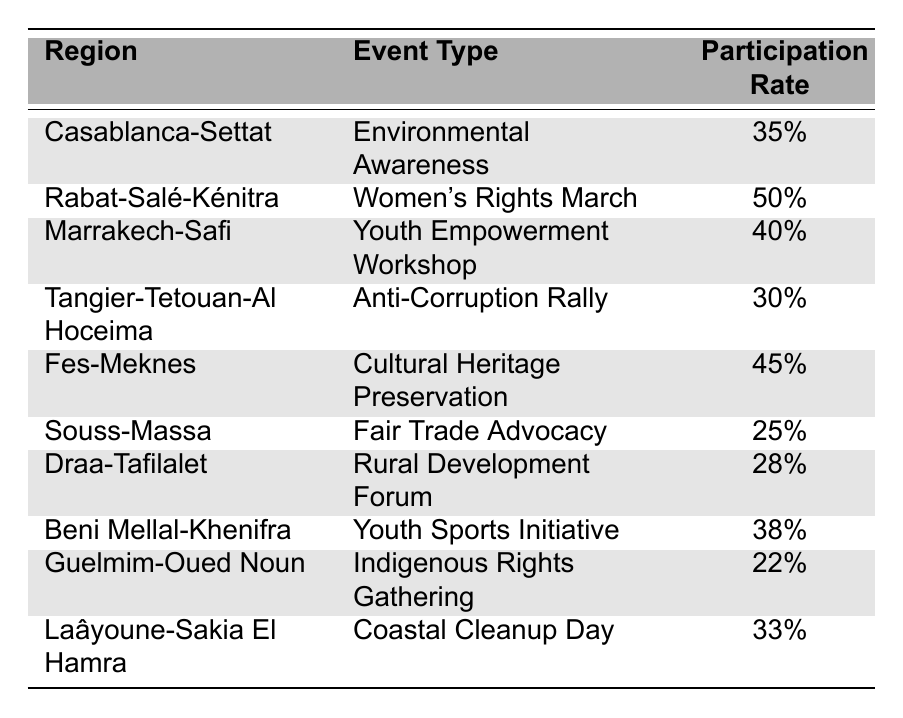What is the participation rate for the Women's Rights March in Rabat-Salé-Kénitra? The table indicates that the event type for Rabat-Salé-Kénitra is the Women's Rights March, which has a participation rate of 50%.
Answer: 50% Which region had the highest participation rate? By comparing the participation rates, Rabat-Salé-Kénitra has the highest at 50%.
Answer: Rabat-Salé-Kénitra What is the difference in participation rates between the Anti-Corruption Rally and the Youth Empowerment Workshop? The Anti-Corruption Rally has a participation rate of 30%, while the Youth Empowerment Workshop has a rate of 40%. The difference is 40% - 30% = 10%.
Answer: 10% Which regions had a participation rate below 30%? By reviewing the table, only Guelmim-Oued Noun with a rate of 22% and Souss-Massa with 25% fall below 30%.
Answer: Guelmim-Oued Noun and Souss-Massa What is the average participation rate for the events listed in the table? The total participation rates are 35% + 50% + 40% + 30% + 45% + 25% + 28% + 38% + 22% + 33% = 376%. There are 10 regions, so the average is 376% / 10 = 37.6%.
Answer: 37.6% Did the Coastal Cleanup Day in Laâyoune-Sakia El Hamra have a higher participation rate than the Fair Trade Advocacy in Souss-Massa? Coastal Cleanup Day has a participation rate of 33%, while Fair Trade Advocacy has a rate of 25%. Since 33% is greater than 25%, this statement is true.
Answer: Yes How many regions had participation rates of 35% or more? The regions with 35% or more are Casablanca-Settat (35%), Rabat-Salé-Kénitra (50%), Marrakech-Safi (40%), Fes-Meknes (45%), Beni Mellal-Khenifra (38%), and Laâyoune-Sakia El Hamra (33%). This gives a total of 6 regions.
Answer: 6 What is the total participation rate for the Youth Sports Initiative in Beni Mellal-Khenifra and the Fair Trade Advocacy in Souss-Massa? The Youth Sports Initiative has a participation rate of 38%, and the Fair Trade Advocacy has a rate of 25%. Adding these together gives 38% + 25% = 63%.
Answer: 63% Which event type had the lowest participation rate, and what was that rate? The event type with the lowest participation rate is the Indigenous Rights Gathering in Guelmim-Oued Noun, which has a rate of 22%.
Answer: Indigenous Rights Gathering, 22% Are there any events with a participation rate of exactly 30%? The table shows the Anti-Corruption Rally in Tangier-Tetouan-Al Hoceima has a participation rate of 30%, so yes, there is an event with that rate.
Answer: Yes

* * * *

Repeat the data in full and exactly. Omit pictures.

What is the participation rate for the Women's Rights March in Rabat-Salé-Kénitra? The table indicates that the event type for Rabat-Salé-Kénitra is the Women's Rights March, which has a participation rate of 50%.
Answer: 50% Which region had the highest participation rate? By comparing the participation rates, Rabat-Salé-Kénitra has the highest at 50%.
Answer: Rabat-Salé-Kénitra What is the difference in participation rates between the Anti-Corruption Rally and the Youth Empowerment Workshop? The Anti-Corruption Rally has a participation rate of 30%, while the Youth Empowerment Workshop has a rate of 40%. The difference is 40% - 30% = 10%.
Answer: 10% Which regions had a participation rate below 30%? By reviewing the table, only Guelmim-Oued Noun with a rate of 22% and Souss-Massa with 25% fall below 30%.
Answer: Guelmim-Oued Noun and Souss-Massa What is the average participation rate for the events listed in the table? The total participation rates are 35% + 50% + 40% + 30% + 45% + 25% + 28% + 38% + 22% + 33% = 376%. There are 10 regions, so the average is 376% / 10 = 37.6%.
Answer: 37.6% Did the Coastal Cleanup Day in Laâyoune-Sakia El Hamra have a higher participation rate than the Fair Trade Advocacy in Souss-Massa? Coastal Cleanup Day has a participation rate of 33%, while Fair Trade Advocacy has a rate of 25%. Since 33% is greater than 25%, this statement is true.
Answer: Yes How many regions had participation rates of 35% or more? The regions with 35% or more are Casablanca-Settat (35%), Rabat-Salé-Kénitra (50%), Marrakech-Safi (40%), Fes-Meknes (45%), Beni Mellal-Khenifra (38%), and Laâyoune-Sakia El Hamra (33%). This gives a total of 6 regions.
Answer: 6 What is the total participation rate for the Youth Sports Initiative in Beni Mellal-Khenifra and the Fair Trade Advocacy in Souss-Massa? The Youth Sports Initiative has a participation rate of 38%, and the Fair Trade Advocacy has a rate of 25%. Adding these together gives 38% + 25% = 63%.
Answer: 63% Which event type had the lowest participation rate, and what was that rate? The event type with the lowest participation rate is the Indigenous Rights Gathering in Guelmim-Oued Noun, which has a rate of 22%.
Answer: Indigenous Rights Gathering, 22% Are there any events with a participation rate of exactly 30%? The table shows the Anti-Corruption Rally in Tangier-Tetouan-Al Hoceima has a participation rate of 30%, so yes, there is an event with that rate.
Answer: Yes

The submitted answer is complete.